This page contains current and past research activity. I currently work within the confines of the Artificial Intelligence Laboratory at the University of Michigan and has been funded by the STIET fellowship which is awarded to doctoral students interested in furthering research related to electronic transactions.
My thesis research is primarily divided into two major foci: developing tools and techniques for practical strategic reasoning (empirical game theory) and applying the developed methodology to market games.
In cases where exact analytical models of a game cannot be constructed, empirical game-theoretic models often provide a viable alternative. I address three basic problems of interest within empirical game theory. First, how should strategies be evaluated in an empirical game model? Second, how should modelers optimally select strategy profiles to simulate? Finally, what game model best predicts payoffs resulting from agent play? I describe my approach to these problems in my thesis proposal.

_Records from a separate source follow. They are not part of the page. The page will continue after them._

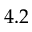<formula> <loc_0><loc_0><loc_500><loc_500>4 . 2</formula> 
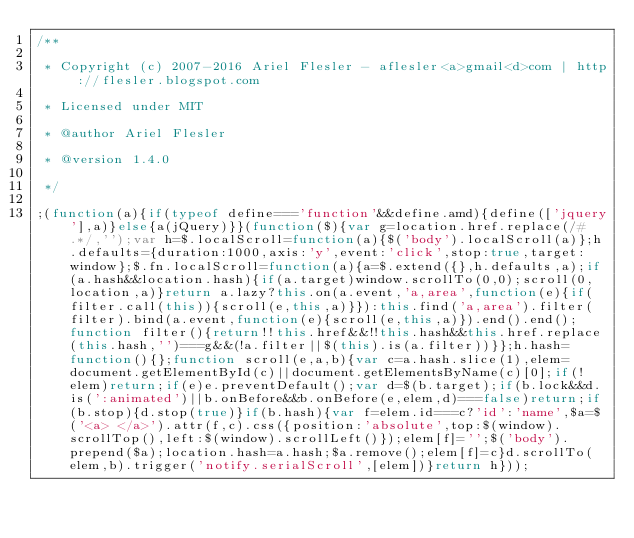Convert code to text. <code><loc_0><loc_0><loc_500><loc_500><_JavaScript_>/**
 * Copyright (c) 2007-2016 Ariel Flesler - aflesler<a>gmail<d>com | http://flesler.blogspot.com
 * Licensed under MIT
 * @author Ariel Flesler
 * @version 1.4.0
 */
;(function(a){if(typeof define==='function'&&define.amd){define(['jquery'],a)}else{a(jQuery)}}(function($){var g=location.href.replace(/#.*/,'');var h=$.localScroll=function(a){$('body').localScroll(a)};h.defaults={duration:1000,axis:'y',event:'click',stop:true,target:window};$.fn.localScroll=function(a){a=$.extend({},h.defaults,a);if(a.hash&&location.hash){if(a.target)window.scrollTo(0,0);scroll(0,location,a)}return a.lazy?this.on(a.event,'a,area',function(e){if(filter.call(this)){scroll(e,this,a)}}):this.find('a,area').filter(filter).bind(a.event,function(e){scroll(e,this,a)}).end().end();function filter(){return!!this.href&&!!this.hash&&this.href.replace(this.hash,'')===g&&(!a.filter||$(this).is(a.filter))}};h.hash=function(){};function scroll(e,a,b){var c=a.hash.slice(1),elem=document.getElementById(c)||document.getElementsByName(c)[0];if(!elem)return;if(e)e.preventDefault();var d=$(b.target);if(b.lock&&d.is(':animated')||b.onBefore&&b.onBefore(e,elem,d)===false)return;if(b.stop){d.stop(true)}if(b.hash){var f=elem.id===c?'id':'name',$a=$('<a> </a>').attr(f,c).css({position:'absolute',top:$(window).scrollTop(),left:$(window).scrollLeft()});elem[f]='';$('body').prepend($a);location.hash=a.hash;$a.remove();elem[f]=c}d.scrollTo(elem,b).trigger('notify.serialScroll',[elem])}return h}));</code>

Internet advertising provides a substantial source of revenue for online publishers, amounting to billions of dollars annually. Sponsored search is a popular form of targeted advertising, in which query-specific advertisements are placed alongside organic search-engine results. The placement (position) of an ad for a given query, along with the cost (to the advertiser) per click (CPC), is determined through an auction process. Under cost-per-click pricing, both the publisher and advertiser bear some of the risk associated with uncertain user behavior. The use of automated auctions addresses the combinatorial problem of quoting an appropriate price (CPC) for each display slot for each distinct query. Advertisers bid for the family of keywords of interest, and competition among them determines the going CPC for each of the available slots on a query-by-query basis.

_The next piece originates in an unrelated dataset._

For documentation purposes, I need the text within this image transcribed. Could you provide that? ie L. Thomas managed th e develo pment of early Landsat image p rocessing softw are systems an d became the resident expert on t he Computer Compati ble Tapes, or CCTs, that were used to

Over the history of sponsored search, a variety of ad auction mechanisms, differing on pricing and ranking rules, have been employed. For example, the CPC for a slot can be set at the price bid by the winner of that slot (called the generalized first price rule), or by the price bid by the winner of the next-best position (generalized second-price). Similarly, mechanisms may rank by the CPC bid, or adjust these bids by a quality score taking into account such factors as the likelihood the ad will be clicked. For any such mechanism, advertisers face the problem of how to generate bids over time, considering their value for exposure, the competitive environment, and many other factors. Complicating matters, the value an advertiser assigns to an ad may change dynamically, forcing advertisers to balance their current knowledge of the ad markets with a need to explore the bid, keyword, and ad design space.
Given the salience of ad auction mechanisms, a growing number of researchers have started to investigate the mechanism design problem faced by search publishers, as well as the strategic problems faced by advertisers. As part of my thesis, members of the Strategic Reasoning Group and I introduce a new ad auctions game in an attempt to facilitate such research by presenting a concrete scenario in the sponsored-search domain.
The Ad Auctions game is developed as part of the Trading Agent Competition. Agents play the role of search engine advertisers, who compete with each other on ad placement for search results. The final round of the TAC/AA tournament will be held in Pasadena in July in conjunction with IJCAI 2009. The scenario employs a standard ad auction mechanism, and a simple yet structured model of a population of search users within a simulated retail market. Developing advertiser strategies for bidding and ad selection in this domain is a challenging problem, beyond the reach of known analytical solutions. Our hope is that by tackling this problem competitively, researchers and practitioners participating in TAC/AA will produce new ideas about bidding strategy for advertising (and in general), as well as insights about sponsored-search mechanisms and ways to improve the model.
In addition to the design of the TAC/AA game, I have also been involved in another competition focusing on sponsored search. I designed and implemented an autonomous agent, BlueReason, for the 2006 Bidding Agent Competition. BlueReason placed third out of twelve teams from various universities and organizations around the world. The competition departed from the typical simulation-based frameworks found in TAC scenarios in that teams managed a campaign in a real-world market.
The management of supply chains poses a complex strategic problem faced by many of today's businesses. In response to the growing complexity, many firms engaged in various information technology services such as EDI systems and ERP services. The business processes involved in and surrounding these services are becoming increasingly automated. Analyzing the efficacy of the mixed initiative and autonomous systems regulating supply chains is becoming an increasingly important research question. The Trading Agent Competition Supply Chain Management scenario addresses many interesting aspects of such a challenging problem in a repeatable simulation environment.
The University of Michigan's Deep Maize agent which has been a perennial tournament finalist since the tournament's inception (2003) and I have participated as one of the lead developers over the course of its history. This culminated in the 2008 TAC/SCM tournament, in which Deep Maize was the champion. In addition to the main SCM scenario, two challenges have been proposed. Deep Maize has participated in the Prediction Challenged in which our team recorded a first place finish in 2007 and a second place finish in 2008.
As part of the STIET Summer Research Opportunity Program, I mentored students participating in the second annual TAC/CAT competition tournament. Undergraduates Kemal Eren, Flavio Kuperman, and Bongseog Choi extended the MANX (Michigan Agent for Negotiated eXchange) from the 2007 competition. The much improved agent placed second in the 2008 competition.